Hughson has worked doubleheaders in baseball and called two games in one day at the Olympic hockey tournament, but this is different.

Hughson and Simpson will be announcing two NHL games in one day in two cities. It's never been done at Hockey Night and perhaps nowhere else.

Another likely first is Hughson calling four NHL games in three days. Last night, he worked Rogers Sportsnet's telecast of the Vancouver Canucks-Oilers game. Tonight, it will be Wild-Canucks in Vancouver for Sportsnet, and then the two Hockey Night games tomorrow.

"It won't be difficult," he said. "The travel between Edmonton and Calgary is easy. And the teams involved are all in the Northwest Division, so Craig and I are really familiar with them."

A more taxing schedule, he said, will be next week, when he will be in St. Paul for a Canucks-Wild game on Friday, followed by Flames-Oilers in Calgary on Saturday and Flames-Canucks in Vancouver on Sunday.

The work and travel involved in calling hockey for two networks, Sportsnet and CBC, was one of the reasons Hughson chose one over the other.

Starting next season, he will work exclusively for the CBC for the duration of its six-year contract with the NHL.

Hughson said he chose the CBC largely because it owns rights to the NHL's postseason.

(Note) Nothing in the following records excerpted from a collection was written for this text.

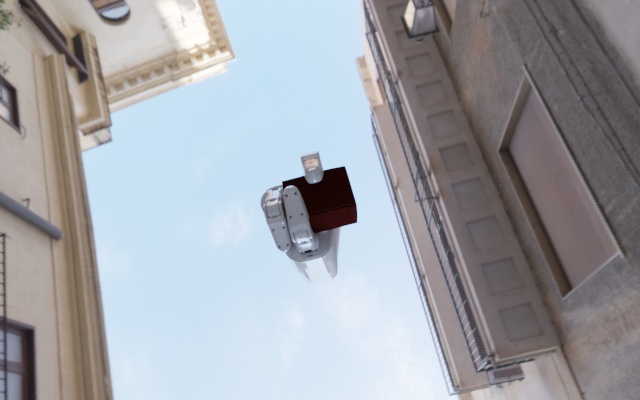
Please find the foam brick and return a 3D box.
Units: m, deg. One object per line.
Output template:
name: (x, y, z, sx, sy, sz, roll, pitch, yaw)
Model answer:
foam brick: (0.000, 0.002, 0.552, 0.078, 0.053, 0.051, -13, -28, 2)

"What Sportsnet could never offer was the Stanley Cup playoffs," he said. "We're no different than players in that you want to be working on the last day of the season."

Hughson will succeed Bob Cole as the lead announcer on Hockey Night, but not until next season, when Cole's workload is reduced. The extent of that will depend on the CBC's success in hiring a new play-by-play announcer. Broadcasters in leagues outside the NHL have been advised that résumés are being accepted.

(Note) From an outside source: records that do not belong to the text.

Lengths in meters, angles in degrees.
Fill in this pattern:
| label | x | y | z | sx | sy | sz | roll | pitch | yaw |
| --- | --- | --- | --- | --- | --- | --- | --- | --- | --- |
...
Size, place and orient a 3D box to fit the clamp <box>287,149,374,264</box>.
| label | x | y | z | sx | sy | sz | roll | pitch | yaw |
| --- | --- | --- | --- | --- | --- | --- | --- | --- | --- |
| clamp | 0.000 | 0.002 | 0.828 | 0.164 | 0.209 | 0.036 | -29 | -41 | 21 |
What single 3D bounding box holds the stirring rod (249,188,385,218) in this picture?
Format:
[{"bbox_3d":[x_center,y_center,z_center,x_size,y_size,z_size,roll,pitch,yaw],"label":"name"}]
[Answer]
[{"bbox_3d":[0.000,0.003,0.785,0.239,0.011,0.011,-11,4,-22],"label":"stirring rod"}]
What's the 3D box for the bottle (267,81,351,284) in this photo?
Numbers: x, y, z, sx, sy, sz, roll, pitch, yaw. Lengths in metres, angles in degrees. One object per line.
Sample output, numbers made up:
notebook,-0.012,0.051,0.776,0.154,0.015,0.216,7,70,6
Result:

In addition to hockey, Hughson will call Toronto Blue Jays games this year. If the CBC buys a package of 2009 Jays games, those assignments would push Hughson's annual salary to something approaching $500,000, sources say.

Jack's options

Sportsnet's move to drop NBA and Toronto Raptors telecasts after this season has analyst Jack Armstrong looking for work.

Sportsnet has offered Armstrong a position as a basketball insider, but he will look around.

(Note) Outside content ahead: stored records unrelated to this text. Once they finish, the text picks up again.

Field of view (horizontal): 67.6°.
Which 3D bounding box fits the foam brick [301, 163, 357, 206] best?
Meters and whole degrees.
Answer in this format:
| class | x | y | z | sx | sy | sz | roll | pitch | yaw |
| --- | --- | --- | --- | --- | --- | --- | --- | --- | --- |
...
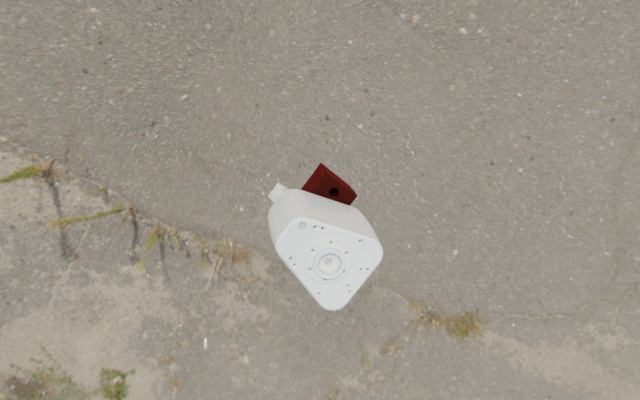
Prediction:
| class | x | y | z | sx | sy | sz | roll | pitch | yaw |
| --- | --- | --- | --- | --- | --- | --- | --- | --- | --- |
| foam brick | 0.000 | 0.002 | 0.605 | 0.053 | 0.078 | 0.051 | 35 | 8 | -16 |

"The folks at Sportsnet have been great to me," he said. "But it was disappointing to hear we had lost NBA rights as well as Raptors rights. At this point, I'm going to survey the landscape and see what comes next."

Armstrong is an engaging personality, has good rapport with Raptors voice Chuck Swirsky and, as a former coach, knows of what he speaks. In addition to his work in Toronto, he is also a game analyst for U.S. college games carried on ESPN, Comcast and MSG Network.[-rule-]

TFC coverage

Toronto FC's regular-season schedule will be televised by three Canadian networks. The CBC will carry 14 games and the all-star game, Sportsnet 11 and The Score five. Sportsnet will air the opener, on Saturday, March 29, at Columbus.

Announcer Gerry Dobson and analyst Craig Forrest will call the games for Sportsnet. For the CBC, Jason De Vos, the former Canadian team captain, will join announcer Nigel Reed as the game analyst. Two telecasts, Toronto-Dallas on Oct. 11 and Toronto-San Jose on Oct. 25, will be tape-delayed on the CBC, but carried live on CBC Country Canada.

  • The CBC will distribute tomorrow's 7 p.m. EDT Toronto Maple Leafs-Ottawa Senators telecast to Ontario and the West. Boston Bruins-Montreal Canadiens will be seen in Quebec and the East. We'll nitpick and say Bruins-Canadiens should receive wider distribution. Two weeks from now, Bruins-Habs could be a playoff matchup and the CBC's best hope for a large audience in the first round.
  • Scott Moore, the head of CBC Sports, launched a blog yesterday at www.CBC.ca/sports/moore. Dan Tavares, the manager of CBCSports.ca, said the blog will be a place "where CBC users and viewers can voice their issues and concerns."
  • Sportsnet's coverage of the Canadian Interuniversity Sport men's hockey tournament will begin tomorrow at 1 p.m. EDT with Saskatchewan against New Brunswick.